La Chiesa ortodossa dell'Ucraina ha annunciato il decesso spiegando che la morte è sopraggiunta a causa dell'“aggravarsi di malattie croniche”.
Nonostante negli ultimi anni avesse assunto un ruolo più defilato, la sua eredità resta scolpita nella storia moderna del Paese per il lungo impegno volto a ottenere il riconoscimento di una giurisdizione ortodossa nazionale autonoma.
Il metropolita Epifanio di Kiev ha voluto rendere omaggio al suo predecessore con parole di profonda stima: “La figura e le numerose opere di bene del defunto Patriarca Filaret occupano giustamente un posto speciale nella storia moderna sia della Chiesa ortodossa ucraina locale che dell’Ucraina nel suo complesso”.
Anche le istituzioni italiane hanno espresso vicinanza al popolo ucraino per la perdita della loro guida spirituale. Il vicepremier e ministro degli Esteri Antonio Tajani ha affidato a X il suo messaggio di cordoglio: “Esprimo il mio più sentito cordoglio per la scomparsa del Patriarca Filaret, guida spirituale della Chiesa ortodossa ucraina e punto di riferimento per milioni di fedeli in uno dei momenti più complessi della storia di Kiev. Il suo impegno pastorale ha accompagnato e sostenuto una comunità profondamente segnata dagli eventi degli ultimi anni, offrendo speranza, identità e forza. La sua eredità morale resterà viva nella storia del Paese che tanto amava e continuerà a ispirare le future generazioni. Un pensiero di vicinanza alla comunità religiosa ucraina e a tutti coloro che oggi ne piangono la perdita”.

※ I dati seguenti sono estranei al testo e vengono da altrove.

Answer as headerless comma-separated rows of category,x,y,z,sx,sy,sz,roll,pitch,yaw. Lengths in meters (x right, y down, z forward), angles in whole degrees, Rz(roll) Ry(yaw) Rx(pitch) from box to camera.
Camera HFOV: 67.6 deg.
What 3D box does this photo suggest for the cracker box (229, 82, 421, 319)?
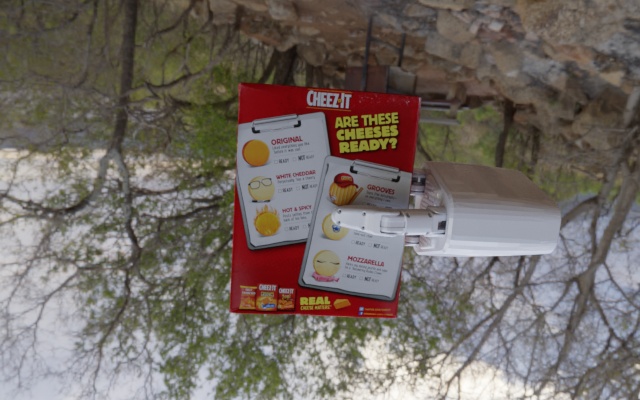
cracker box,0.000,0.002,0.466,0.164,0.214,0.072,3,9,-6
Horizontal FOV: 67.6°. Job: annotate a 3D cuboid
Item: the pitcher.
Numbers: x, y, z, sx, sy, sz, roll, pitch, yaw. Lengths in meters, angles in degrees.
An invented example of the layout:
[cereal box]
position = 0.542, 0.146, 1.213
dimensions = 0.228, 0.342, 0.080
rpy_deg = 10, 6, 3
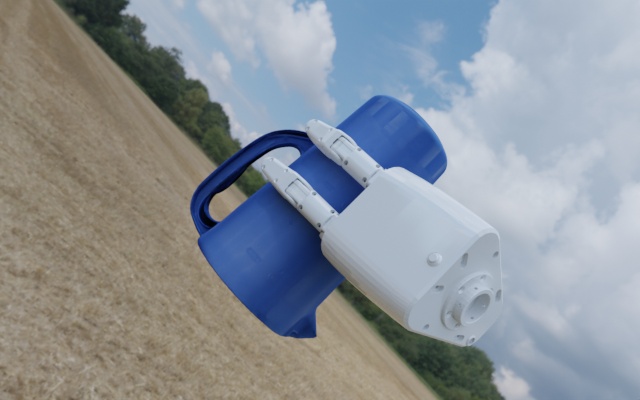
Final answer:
[pitcher]
position = 0.000, 0.002, 0.482
dimensions = 0.145, 0.243, 0.149
rpy_deg = 40, -8, 49
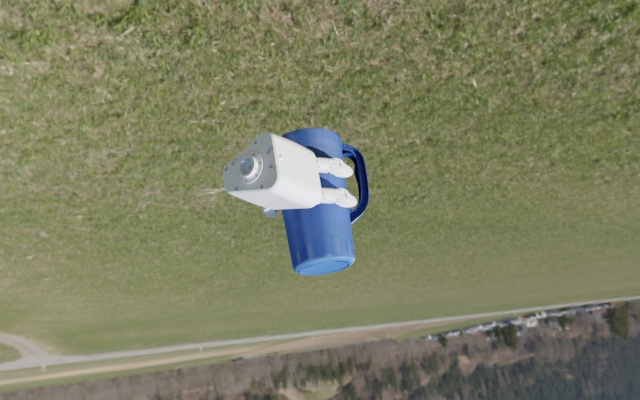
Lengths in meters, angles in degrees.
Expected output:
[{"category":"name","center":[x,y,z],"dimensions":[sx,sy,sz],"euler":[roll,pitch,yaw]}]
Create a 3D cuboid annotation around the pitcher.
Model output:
[{"category":"pitcher","center":[0.000,0.003,0.853],"dimensions":[0.149,0.242,0.145],"euler":[-20,-23,27]}]
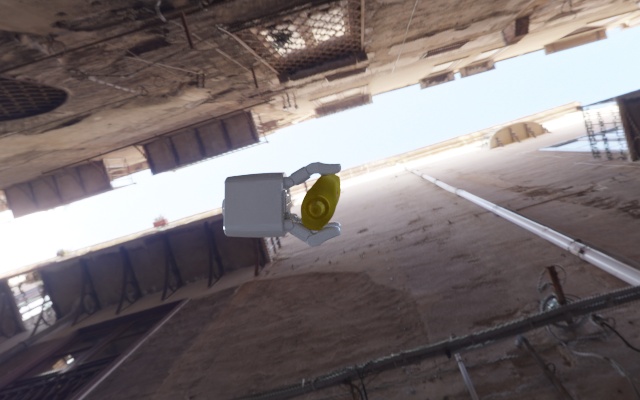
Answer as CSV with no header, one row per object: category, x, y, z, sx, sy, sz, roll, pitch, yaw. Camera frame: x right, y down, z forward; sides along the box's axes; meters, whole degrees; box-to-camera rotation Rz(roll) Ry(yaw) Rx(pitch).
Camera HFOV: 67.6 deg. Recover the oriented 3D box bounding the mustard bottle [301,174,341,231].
mustard bottle,0.000,0.003,0.841,0.058,0.096,0.191,23,8,2
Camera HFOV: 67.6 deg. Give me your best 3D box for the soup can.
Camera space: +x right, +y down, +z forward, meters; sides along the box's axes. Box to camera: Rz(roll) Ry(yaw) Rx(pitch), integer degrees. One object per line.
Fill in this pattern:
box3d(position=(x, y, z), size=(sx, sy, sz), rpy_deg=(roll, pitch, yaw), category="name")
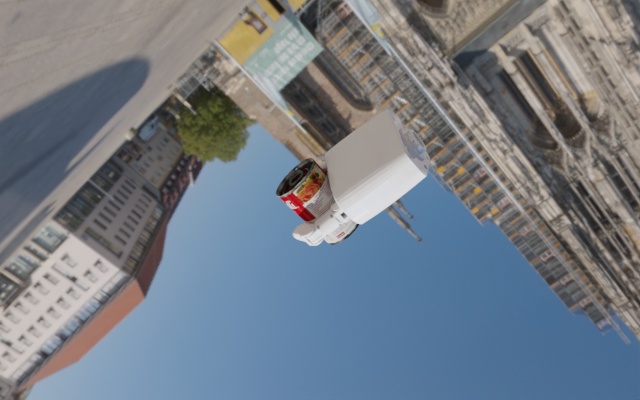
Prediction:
box3d(position=(0.000, 0.003, 0.638), size=(0.102, 0.068, 0.068), rpy_deg=(44, -19, -21), category="soup can")
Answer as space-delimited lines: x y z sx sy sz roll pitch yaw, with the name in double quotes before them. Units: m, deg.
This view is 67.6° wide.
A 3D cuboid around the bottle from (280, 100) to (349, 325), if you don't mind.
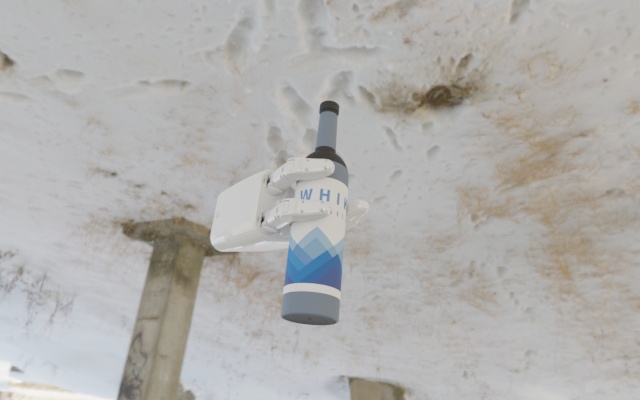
"bottle" 0.000 0.002 0.601 0.069 0.295 0.069 4 -25 2
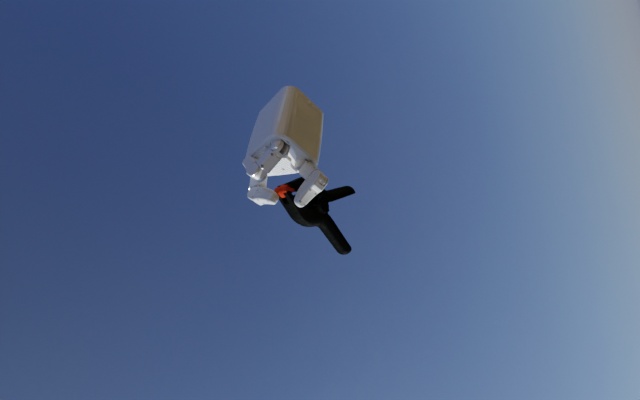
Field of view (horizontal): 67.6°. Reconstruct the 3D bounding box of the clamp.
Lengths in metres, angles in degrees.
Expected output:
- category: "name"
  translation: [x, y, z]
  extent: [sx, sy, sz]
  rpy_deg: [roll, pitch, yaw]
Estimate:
- category: "clamp"
  translation: [0.000, 0.003, 0.767]
  extent: [0.039, 0.120, 0.171]
  rpy_deg: [-18, -40, 35]
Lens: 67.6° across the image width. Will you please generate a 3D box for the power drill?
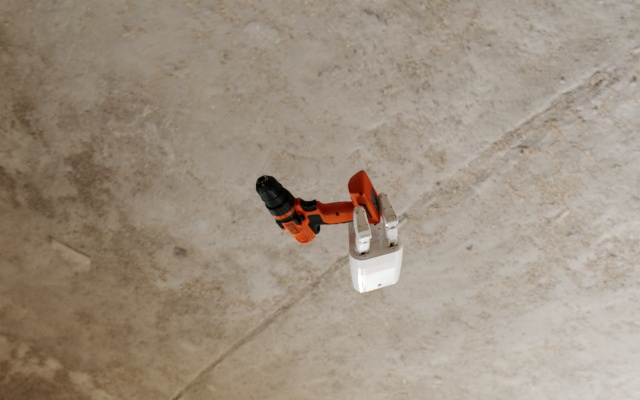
[{"bbox_3d":[0.001,0.003,0.837,0.187,0.057,0.184,-11,-38,22],"label":"power drill"}]
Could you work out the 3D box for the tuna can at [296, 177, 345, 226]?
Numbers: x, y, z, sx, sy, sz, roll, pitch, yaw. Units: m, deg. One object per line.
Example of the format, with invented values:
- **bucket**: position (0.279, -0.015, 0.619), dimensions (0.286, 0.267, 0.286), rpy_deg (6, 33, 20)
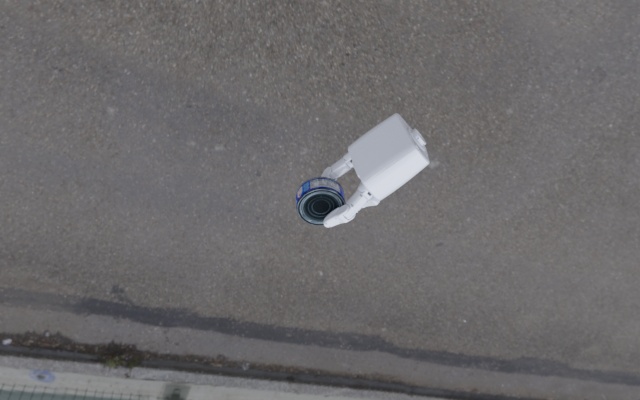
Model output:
- **tuna can**: position (0.000, 0.003, 0.828), dimensions (0.086, 0.086, 0.033), rpy_deg (0, 40, -5)
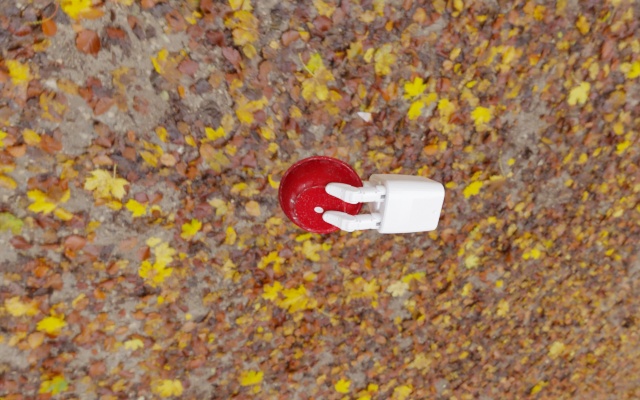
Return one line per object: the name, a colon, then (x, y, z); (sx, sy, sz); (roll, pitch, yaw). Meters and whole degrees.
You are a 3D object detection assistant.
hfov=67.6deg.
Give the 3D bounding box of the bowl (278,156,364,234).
bowl: (-0.001, 0.003, 0.867); (0.162, 0.162, 0.055); (0, 28, 3)
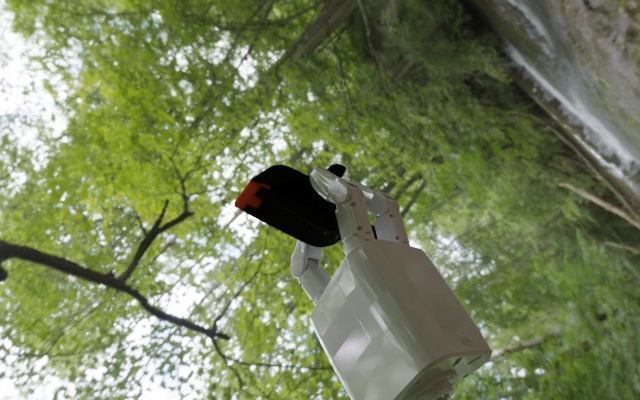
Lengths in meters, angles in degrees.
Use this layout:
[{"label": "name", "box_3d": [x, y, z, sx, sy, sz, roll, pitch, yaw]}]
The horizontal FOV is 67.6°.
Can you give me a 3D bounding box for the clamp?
[{"label": "clamp", "box_3d": [-0.001, 0.002, 0.467, 0.210, 0.036, 0.164, 16, 30, -45]}]
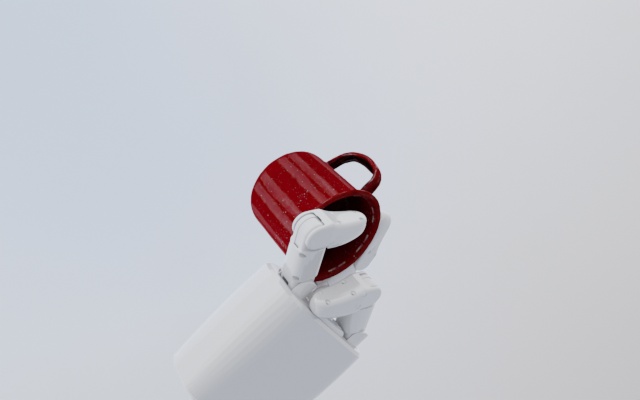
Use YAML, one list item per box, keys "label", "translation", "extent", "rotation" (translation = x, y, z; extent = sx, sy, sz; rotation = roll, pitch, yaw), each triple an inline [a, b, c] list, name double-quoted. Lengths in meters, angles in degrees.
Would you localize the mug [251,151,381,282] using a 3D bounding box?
- label: "mug"
  translation: [0.001, 0.000, 0.418]
  extent: [0.081, 0.117, 0.093]
  rotation: [45, -3, 39]
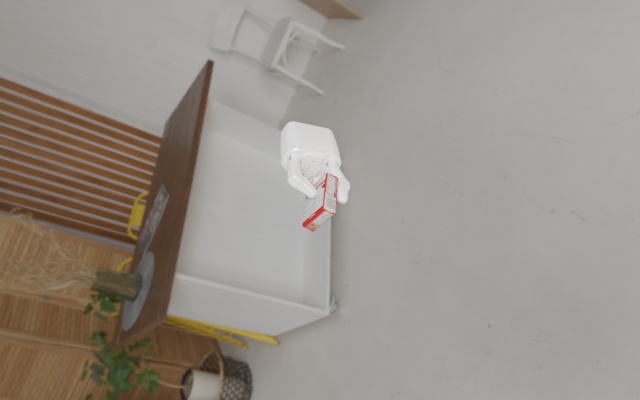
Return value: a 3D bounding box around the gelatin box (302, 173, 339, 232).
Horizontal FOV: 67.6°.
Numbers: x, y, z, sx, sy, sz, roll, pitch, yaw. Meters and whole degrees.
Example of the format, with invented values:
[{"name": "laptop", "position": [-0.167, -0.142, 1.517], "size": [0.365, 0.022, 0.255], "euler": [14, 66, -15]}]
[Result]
[{"name": "gelatin box", "position": [0.000, 0.003, 0.892], "size": [0.030, 0.089, 0.073], "euler": [26, -43, -23]}]
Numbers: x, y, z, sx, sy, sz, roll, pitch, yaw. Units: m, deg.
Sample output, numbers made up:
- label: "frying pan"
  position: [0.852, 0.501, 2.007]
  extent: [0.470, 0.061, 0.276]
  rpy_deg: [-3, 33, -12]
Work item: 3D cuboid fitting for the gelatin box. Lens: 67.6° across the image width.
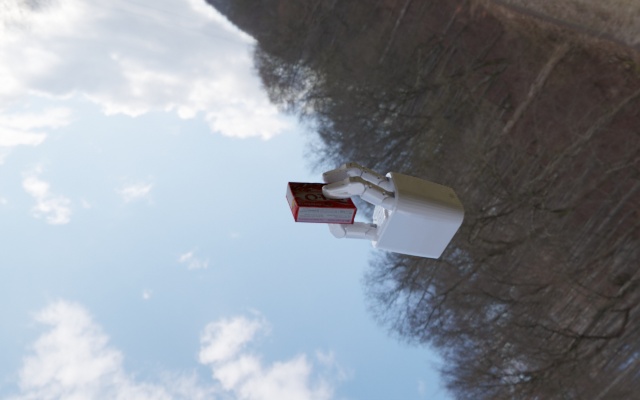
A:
- label: "gelatin box"
  position: [0.000, 0.003, 0.688]
  extent: [0.089, 0.030, 0.073]
  rpy_deg: [2, 29, -17]
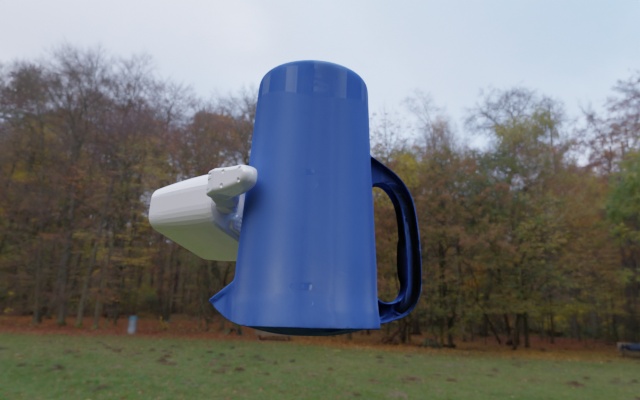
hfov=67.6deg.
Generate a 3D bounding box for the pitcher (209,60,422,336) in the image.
[{"bbox_3d":[0.000,0.001,0.448,0.145,0.242,0.149,-9,-18,37],"label":"pitcher"}]
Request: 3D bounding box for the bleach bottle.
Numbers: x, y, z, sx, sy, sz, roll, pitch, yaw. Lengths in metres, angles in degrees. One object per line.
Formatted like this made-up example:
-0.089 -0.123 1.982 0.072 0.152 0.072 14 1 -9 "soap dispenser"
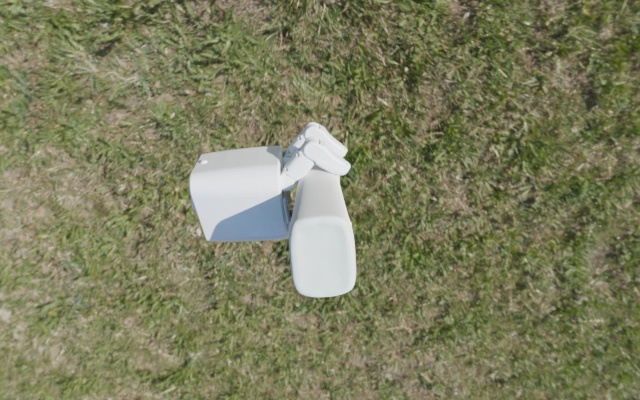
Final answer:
0.000 0.002 0.591 0.068 0.103 0.250 -4 27 1 "bleach bottle"
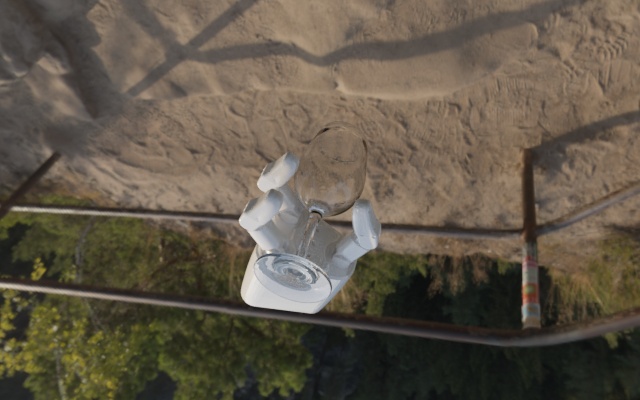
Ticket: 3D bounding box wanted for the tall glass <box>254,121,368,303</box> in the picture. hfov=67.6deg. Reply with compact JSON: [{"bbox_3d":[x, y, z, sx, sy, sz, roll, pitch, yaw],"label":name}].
[{"bbox_3d":[0.000,0.002,0.497,0.079,0.201,0.079,11,-42,10],"label":"tall glass"}]
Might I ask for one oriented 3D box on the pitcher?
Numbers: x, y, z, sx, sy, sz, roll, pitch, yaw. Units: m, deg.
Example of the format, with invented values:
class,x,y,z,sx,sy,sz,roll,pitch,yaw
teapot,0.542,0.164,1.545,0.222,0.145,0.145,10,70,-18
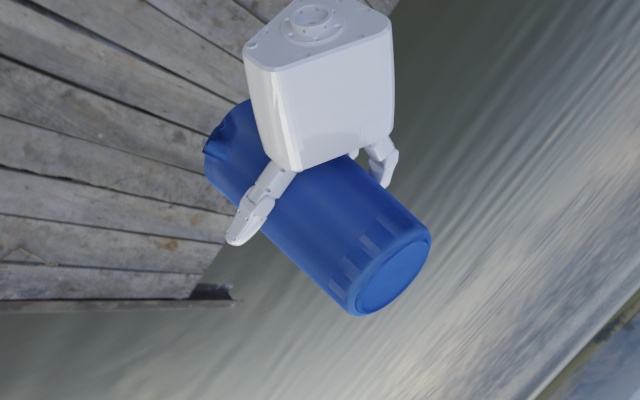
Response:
class,x,y,z,sx,sy,sz,roll,pitch,yaw
pitcher,0.000,0.002,0.508,0.149,0.145,0.242,-34,56,-20
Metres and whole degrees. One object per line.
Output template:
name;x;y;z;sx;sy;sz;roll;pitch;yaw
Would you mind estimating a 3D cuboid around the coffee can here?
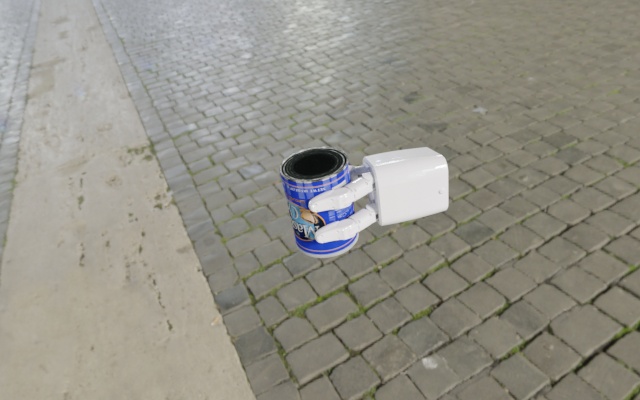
coffee can;0.000;0.003;0.733;0.103;0.140;0.102;-7;33;5
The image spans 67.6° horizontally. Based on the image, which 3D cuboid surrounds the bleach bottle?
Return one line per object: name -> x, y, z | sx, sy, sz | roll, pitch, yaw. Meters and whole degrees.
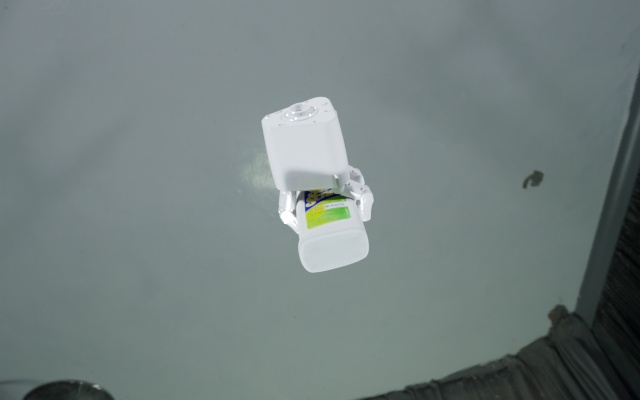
bleach bottle -> 0.000, 0.003, 0.765 | 0.102, 0.068, 0.250 | -14, 35, -3
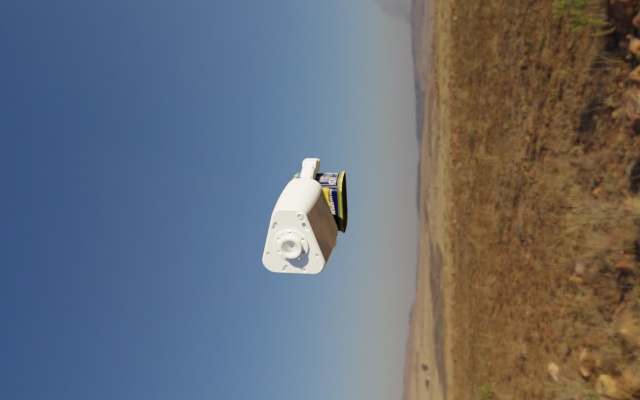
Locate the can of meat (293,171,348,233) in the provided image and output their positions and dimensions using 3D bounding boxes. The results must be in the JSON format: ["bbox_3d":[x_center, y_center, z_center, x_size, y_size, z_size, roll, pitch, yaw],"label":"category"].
[{"bbox_3d":[0.000,0.003,0.805,0.084,0.102,0.057,1,27,10],"label":"can of meat"}]
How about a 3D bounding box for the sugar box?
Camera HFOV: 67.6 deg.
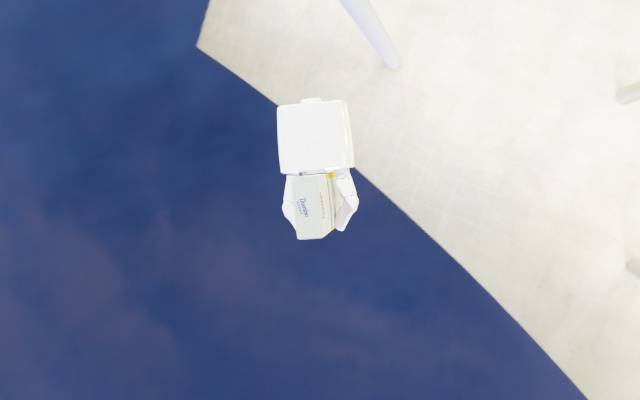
[{"bbox_3d":[0.000,0.002,0.769,0.048,0.093,0.176,-5,4,16],"label":"sugar box"}]
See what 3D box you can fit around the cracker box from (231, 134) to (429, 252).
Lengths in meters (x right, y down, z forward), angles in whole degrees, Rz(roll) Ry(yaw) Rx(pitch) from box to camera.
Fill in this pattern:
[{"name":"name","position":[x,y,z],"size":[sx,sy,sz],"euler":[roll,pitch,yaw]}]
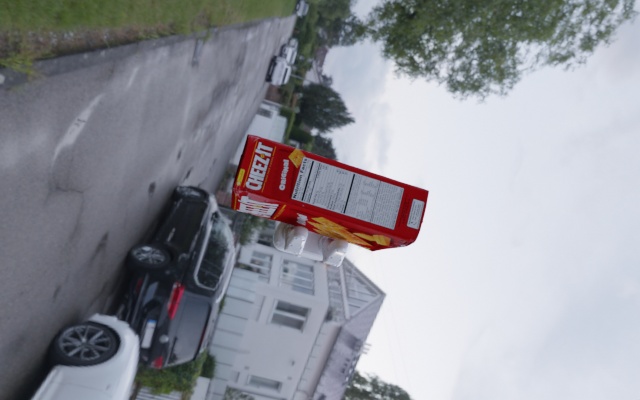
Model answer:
[{"name":"cracker box","position":[0.000,0.002,0.591],"size":[0.214,0.072,0.164],"euler":[16,-12,-8]}]
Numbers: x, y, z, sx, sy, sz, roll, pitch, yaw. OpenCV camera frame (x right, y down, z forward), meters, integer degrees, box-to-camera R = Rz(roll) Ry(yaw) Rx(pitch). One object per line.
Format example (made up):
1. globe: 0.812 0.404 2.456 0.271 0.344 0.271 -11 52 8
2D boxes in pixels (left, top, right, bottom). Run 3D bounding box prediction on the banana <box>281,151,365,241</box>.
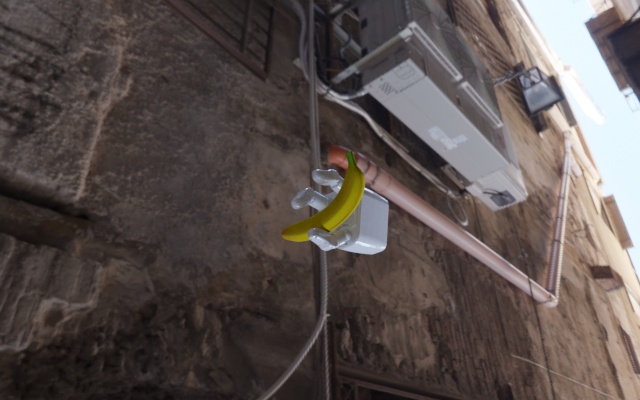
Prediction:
1. banana: 0.013 0.014 0.785 0.198 0.069 0.037 -49 -25 22

Filaret ha attraversato le fasi più turbolente della storia ucraina, dalla fine dell'Unione Sovietica fino alle sfide del conflitto attuale. La sua determinazione nel recidere i legami con il Patriarcato di Mosca lo ha reso un simbolo di resistenza culturale e identitaria per milioni di ucraini, trasformando la questione religiosa in un pilastro fondamentale della sovranità nazionale di Kiev.